*** Block opens ***

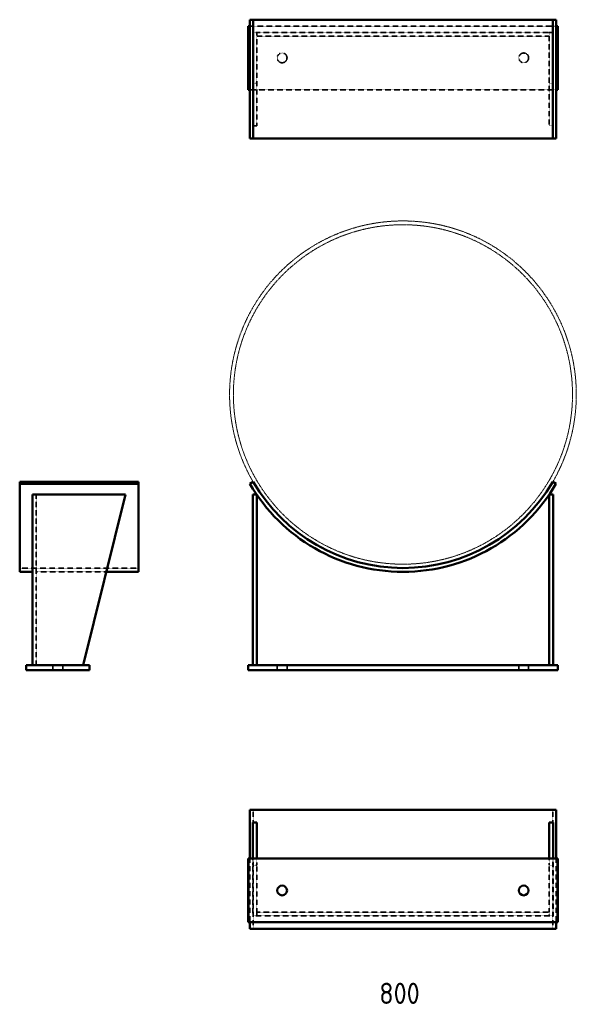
# Model space of a CAD drawing. Header units: millimetres. Extents: x 6097 to 7411, y 8525 to 10846.
import ezdxf

# ---------------------------------------------------------------- set-up
doc = ezdxf.new("R2010")
doc.units = ezdxf.units.MM
doc.linetypes.add('DASHED', pattern=[0.2067, 0.1654, -0.0413])
doc.linetypes.add('PHANTOM', pattern=[2.5, 1.25, -0.25, 0.25, -0.25, 0.25, -0.25])
for name, color, linetype, lineweight in [('AM_6', 2, 'Continuous', 35), ('Hidden', 2, 'DASHED', 35), ('PHANTOM', 6, 'PHANTOM', 20), ('Visible', 7, 'Continuous', 50)]:
    doc.layers.add(name, color=color, linetype=linetype, lineweight=lineweight)
doc.styles.get("Standard").update_dxf_attribs({"font": 'ISOCP.SHX', "bigfont": 'extfont2.shx'})

msp = doc.modelspace()

# ---------------------------------------------------------------- linework, layer by layer
at = {"layer": 'Hidden'}
for p, q in [((7362.8, 10831), (6640.7, 10831)), ((6647.7, 10816), (6647.7, 10596)), ((6647.7, 10816), (6656.7, 10816)), ((6656.7, 10816), (6656.7, 10807)), ((7346.7, 10816), (6656.7, 10816)), ((7346.7, 10816), (7355.7, 10816)), ((7346.7, 10807), (7346.7, 10816)), ((7355.7, 10816), (7355.7, 10596)), ((6656.7, 10807), (6656.7, 10596)), ((6656.7, 10807), (7346.7, 10807)), ((7346.7, 10596), (7346.7, 10807)), ((6640.7, 10681), (7362.8, 10681)), ((6647.7, 10696), (6656.7, 10696)), ((7355.7, 10696), (7346.7, 10696)), ((6656.7, 10596), (6647.7, 10596)), ((7355.7, 10596), (7346.7, 10596)), ((6136.5, 9324.7), (6136.5, 9726.7)), ((6097.5, 9553.7), (6377.5, 9553.7)), ((6136.5, 9544.7), (6302.2, 9544.7)), ((6176, 9324.7), (6176, 9312.7)), ((6199, 9324.7), (6199, 9312.7)), ((6705.2, 9324.7), (6705.2, 9312.7)), ((6728.2, 9324.7), (6728.2, 9312.7)), ((7275.2, 9324.7), (7275.2, 9312.7)), ((7298.2, 9324.7), (7298.2, 9312.7)), ((6648.5, 8703.7), (6648.5, 8983.7)), ((7355, 8703.7), (7355, 8983.7)), ((6640.7, 8718.7), (6640.7, 8868.7)), ((6647.7, 8853.7), (6647.7, 8868.7)), ((6656.7, 8868.7), (6656.7, 8853.7)), ((7346.7, 8853.7), (7346.7, 8868.7)), ((7355.7, 8868.7), (7355.7, 8853.7)), ((7362.8, 8718.7), (7362.8, 8868.7)), ((6647.7, 8853.7), (6656.7, 8853.7)), ((6647.7, 8853.7), (6647.7, 8733.7)), ((6656.7, 8853.7), (6656.7, 8742.7)), ((7355.7, 8853.7), (7346.7, 8853.7)), ((7346.7, 8853.7), (7346.7, 8742.7)), ((7355.7, 8733.7), (7355.7, 8853.7)), ((6647.7, 8733.7), (7355.7, 8733.7)), ((7346.7, 8742.7), (6656.7, 8742.7)), ((6656.7, 8733.7), (6656.7, 8742.7)), ((7346.7, 8742.7), (7346.7, 8733.7))]:
    msp.add_line(p, q, dxfattribs=at)
for centre in [(6716.7, 10756), (7286.7, 10756)]:
    msp.add_circle(centre, 11.5, dxfattribs=at)
at = {"layer": 'PHANTOM'}
for radius in [409, 400]:
    msp.add_circle((7001.7, 9962.7), radius, dxfattribs=at)
at = {"layer": 'Visible'}
for p, q in [((6648.5, 10846), (6640.7, 10846)), ((6640.7, 10846), (6640.7, 10566)), ((6648.5, 10846), (6648.5, 10566)), ((7355, 10846), (6648.5, 10846)), ((7355, 10846), (7355, 10566)), ((7362.8, 10846), (7355, 10846)), ((7362.8, 10846), (7362.8, 10566)), ((6640.7, 10831), (6636.7, 10831)), ((6636.7, 10831), (6636.7, 10681)), ((7366.7, 10831), (7362.8, 10831)), ((7366.7, 10681), (7366.7, 10831)), ((6636.7, 10681), (6640.7, 10681)), ((7362.8, 10681), (7366.7, 10681)), ((6648.5, 10566), (6640.7, 10566)), ((7355, 10566), (6648.5, 10566)), ((7362.8, 10566), (7355, 10566)), ((6097.5, 9756.5), (6097.5, 9752)), ((6097.5, 9756.5), (6377.5, 9756.5)), ((6097.5, 9752), (6377.5, 9752)), ((6097.5, 9544.7), (6097.5, 9752)), ((6377.5, 9756.5), (6377.5, 9752)), ((6377.5, 9544.7), (6377.5, 9752)), ((6648.5, 9756.5), (6640.7, 9752)), ((7362.8, 9752), (7355, 9756.5)), ((6127.5, 9726.7), (6347.5, 9726.7)), ((6127.5, 9324.7), (6127.5, 9726.7)), ((6247.5, 9324.7), (6347.5, 9726.7)), ((6647.7, 9324.7), (6647.7, 9726.7)), ((6656.7, 9726.7), (6647.7, 9726.7)), ((6656.7, 9726.7), (6656.7, 9324.7)), ((7355.7, 9726.7), (7346.7, 9726.7)), ((7346.7, 9324.7), (7346.7, 9726.7)), ((7355.7, 9726.7), (7355.7, 9324.7)), ((6097.5, 9544.7), (6127.5, 9544.7)), ((6302.2, 9544.7), (6377.5, 9544.7)), ((6112.5, 9324.7), (6262.5, 9324.7)), ((6112.5, 9312.7), (6112.5, 9324.7)), ((6112.5, 9312.7), (6262.5, 9312.7)), ((6262.5, 9312.7), (6262.5, 9324.7)), ((6636.7, 9324.7), (7366.7, 9324.7)), ((6636.7, 9312.7), (6636.7, 9324.7)), ((6636.7, 9312.7), (7366.7, 9312.7)), ((7366.7, 9312.7), (7366.7, 9324.7)), ((6640.7, 8868.7), (6640.7, 8983.7)), ((7362.8, 8983.7), (6640.7, 8983.7)), ((7362.8, 8868.7), (7362.8, 8983.7)), ((6647.7, 8868.7), (6647.7, 8953.7)), ((6656.7, 8953.7), (6647.7, 8953.7)), ((6656.7, 8953.7), (6656.7, 8868.7)), ((7355.7, 8953.7), (7346.7, 8953.7)), ((7346.7, 8868.7), (7346.7, 8953.7)), ((7355.7, 8953.7), (7355.7, 8868.7)), ((6636.7, 8868.7), (7366.7, 8868.7)), ((6636.7, 8718.7), (6636.7, 8868.7)), ((7366.7, 8868.7), (7366.7, 8718.7)), ((7366.7, 8718.7), (6636.7, 8718.7)), ((6640.7, 8703.7), (6640.7, 8718.7)), ((7362.8, 8703.7), (6640.7, 8703.7)), ((7362.8, 8703.7), (7362.8, 8718.7))]:
    msp.add_line(p, q, dxfattribs=at)
for centre in [(6716.7, 8793.7), (7286.7, 8793.7)]:
    msp.add_circle(centre, 11.5, dxfattribs=at)
for radius in [418, 409]:
    msp.add_arc((7001.7, 9962.7), radius, 210.263, 329.737, dxfattribs=at)

# ---------------------------------------------------------------- texts
at = {"layer": 'AM_6', "color": 7, "lineweight": 50, "insert": (6945.8, 8576.3), "char_height": 50, "attachment_point": 1}
msp.add_mtext_dynamic_manual_height_columns('800', width=2950.16, gutter_width=250, heights=[0], dxfattribs=at)

doc.saveas('drawing.dxf')

*** Block closes ***

◆ **Instructions to follow**:
Quote the data exactly, leaving every image out of the copy.

◆ **Solution to the problem**:
# Model space of a CAD drawing. Header units: millimetres. Extents: x 6097 to 7411, y 8525 to 10846.
import ezdxf

# ---------------------------------------------------------------- set-up
doc = ezdxf.new("R2010")
doc.units = ezdxf.units.MM
doc.linetypes.add('DASHED', pattern=[0.2067, 0.1654, -0.0413])
doc.linetypes.add('PHANTOM', pattern=[2.5, 1.25, -0.25, 0.25, -0.25, 0.25, -0.25])
for name, color, linetype, lineweight in [('AM_6', 2, 'Continuous', 35), ('Hidden', 2, 'DASHED', 35), ('PHANTOM', 6, 'PHANTOM', 20), ('Visible', 7, 'Continuous', 50)]:
    doc.layers.add(name, color=color, linetype=linetype, lineweight=lineweight)
doc.styles.get("Standard").update_dxf_attribs({"font": 'ISOCP.SHX', "bigfont": 'extfont2.shx'})

msp = doc.modelspace()

# ---------------------------------------------------------------- linework, layer by layer
at = {"layer": 'Hidden'}
for p, q in [((7362.8, 10831), (6640.7, 10831)), ((6647.7, 10816), (6647.7, 10596)), ((6647.7, 10816), (6656.7, 10816)), ((6656.7, 10816), (6656.7, 10807)), ((7346.7, 10816), (6656.7, 10816)), ((7346.7, 10816), (7355.7, 10816)), ((7346.7, 10807), (7346.7, 10816)), ((7355.7, 10816), (7355.7, 10596)), ((6656.7, 10807), (6656.7, 10596)), ((6656.7, 10807), (7346.7, 10807)), ((7346.7, 10596), (7346.7, 10807)), ((6640.7, 10681), (7362.8, 10681)), ((6647.7, 10696), (6656.7, 10696)), ((7355.7, 10696), (7346.7, 10696)), ((6656.7, 10596), (6647.7, 10596)), ((7355.7, 10596), (7346.7, 10596)), ((6136.5, 9324.7), (6136.5, 9726.7)), ((6097.5, 9553.7), (6377.5, 9553.7)), ((6136.5, 9544.7), (6302.2, 9544.7)), ((6176, 9324.7), (6176, 9312.7)), ((6199, 9324.7), (6199, 9312.7)), ((6705.2, 9324.7), (6705.2, 9312.7)), ((6728.2, 9324.7), (6728.2, 9312.7)), ((7275.2, 9324.7), (7275.2, 9312.7)), ((7298.2, 9324.7), (7298.2, 9312.7)), ((6648.5, 8703.7), (6648.5, 8983.7)), ((7355, 8703.7), (7355, 8983.7)), ((6640.7, 8718.7), (6640.7, 8868.7)), ((6647.7, 8853.7), (6647.7, 8868.7)), ((6656.7, 8868.7), (6656.7, 8853.7)), ((7346.7, 8853.7), (7346.7, 8868.7)), ((7355.7, 8868.7), (7355.7, 8853.7)), ((7362.8, 8718.7), (7362.8, 8868.7)), ((6647.7, 8853.7), (6656.7, 8853.7)), ((6647.7, 8853.7), (6647.7, 8733.7)), ((6656.7, 8853.7), (6656.7, 8742.7)), ((7355.7, 8853.7), (7346.7, 8853.7)), ((7346.7, 8853.7), (7346.7, 8742.7)), ((7355.7, 8733.7), (7355.7, 8853.7)), ((6647.7, 8733.7), (7355.7, 8733.7)), ((7346.7, 8742.7), (6656.7, 8742.7)), ((6656.7, 8733.7), (6656.7, 8742.7)), ((7346.7, 8742.7), (7346.7, 8733.7))]:
    msp.add_line(p, q, dxfattribs=at)
for centre in [(6716.7, 10756), (7286.7, 10756)]:
    msp.add_circle(centre, 11.5, dxfattribs=at)
at = {"layer": 'PHANTOM'}
for radius in [409, 400]:
    msp.add_circle((7001.7, 9962.7), radius, dxfattribs=at)
at = {"layer": 'Visible'}
for p, q in [((6648.5, 10846), (6640.7, 10846)), ((6640.7, 10846), (6640.7, 10566)), ((6648.5, 10846), (6648.5, 10566)), ((7355, 10846), (6648.5, 10846)), ((7355, 10846), (7355, 10566)), ((7362.8, 10846), (7355, 10846)), ((7362.8, 10846), (7362.8, 10566)), ((6640.7, 10831), (6636.7, 10831)), ((6636.7, 10831), (6636.7, 10681)), ((7366.7, 10831), (7362.8, 10831)), ((7366.7, 10681), (7366.7, 10831)), ((6636.7, 10681), (6640.7, 10681)), ((7362.8, 10681), (7366.7, 10681)), ((6648.5, 10566), (6640.7, 10566)), ((7355, 10566), (6648.5, 10566)), ((7362.8, 10566), (7355, 10566)), ((6097.5, 9756.5), (6097.5, 9752)), ((6097.5, 9756.5), (6377.5, 9756.5)), ((6097.5, 9752), (6377.5, 9752)), ((6097.5, 9544.7), (6097.5, 9752)), ((6377.5, 9756.5), (6377.5, 9752)), ((6377.5, 9544.7), (6377.5, 9752)), ((6648.5, 9756.5), (6640.7, 9752)), ((7362.8, 9752), (7355, 9756.5)), ((6127.5, 9726.7), (6347.5, 9726.7)), ((6127.5, 9324.7), (6127.5, 9726.7)), ((6247.5, 9324.7), (6347.5, 9726.7)), ((6647.7, 9324.7), (6647.7, 9726.7)), ((6656.7, 9726.7), (6647.7, 9726.7)), ((6656.7, 9726.7), (6656.7, 9324.7)), ((7355.7, 9726.7), (7346.7, 9726.7)), ((7346.7, 9324.7), (7346.7, 9726.7)), ((7355.7, 9726.7), (7355.7, 9324.7)), ((6097.5, 9544.7), (6127.5, 9544.7)), ((6302.2, 9544.7), (6377.5, 9544.7)), ((6112.5, 9324.7), (6262.5, 9324.7)), ((6112.5, 9312.7), (6112.5, 9324.7)), ((6112.5, 9312.7), (6262.5, 9312.7)), ((6262.5, 9312.7), (6262.5, 9324.7)), ((6636.7, 9324.7), (7366.7, 9324.7)), ((6636.7, 9312.7), (6636.7, 9324.7)), ((6636.7, 9312.7), (7366.7, 9312.7)), ((7366.7, 9312.7), (7366.7, 9324.7)), ((6640.7, 8868.7), (6640.7, 8983.7)), ((7362.8, 8983.7), (6640.7, 8983.7)), ((7362.8, 8868.7), (7362.8, 8983.7)), ((6647.7, 8868.7), (6647.7, 8953.7)), ((6656.7, 8953.7), (6647.7, 8953.7)), ((6656.7, 8953.7), (6656.7, 8868.7)), ((7355.7, 8953.7), (7346.7, 8953.7)), ((7346.7, 8868.7), (7346.7, 8953.7)), ((7355.7, 8953.7), (7355.7, 8868.7)), ((6636.7, 8868.7), (7366.7, 8868.7)), ((6636.7, 8718.7), (6636.7, 8868.7)), ((7366.7, 8868.7), (7366.7, 8718.7)), ((7366.7, 8718.7), (6636.7, 8718.7)), ((6640.7, 8703.7), (6640.7, 8718.7)), ((7362.8, 8703.7), (6640.7, 8703.7)), ((7362.8, 8703.7), (7362.8, 8718.7))]:
    msp.add_line(p, q, dxfattribs=at)
for centre in [(6716.7, 8793.7), (7286.7, 8793.7)]:
    msp.add_circle(centre, 11.5, dxfattribs=at)
for radius in [418, 409]:
    msp.add_arc((7001.7, 9962.7), radius, 210.263, 329.737, dxfattribs=at)

# ---------------------------------------------------------------- texts
at = {"layer": 'AM_6', "color": 7, "lineweight": 50, "insert": (6945.8, 8576.3), "char_height": 50, "attachment_point": 1}
msp.add_mtext_dynamic_manual_height_columns('800', width=2950.16, gutter_width=250, heights=[0], dxfattribs=at)

doc.saveas('drawing.dxf')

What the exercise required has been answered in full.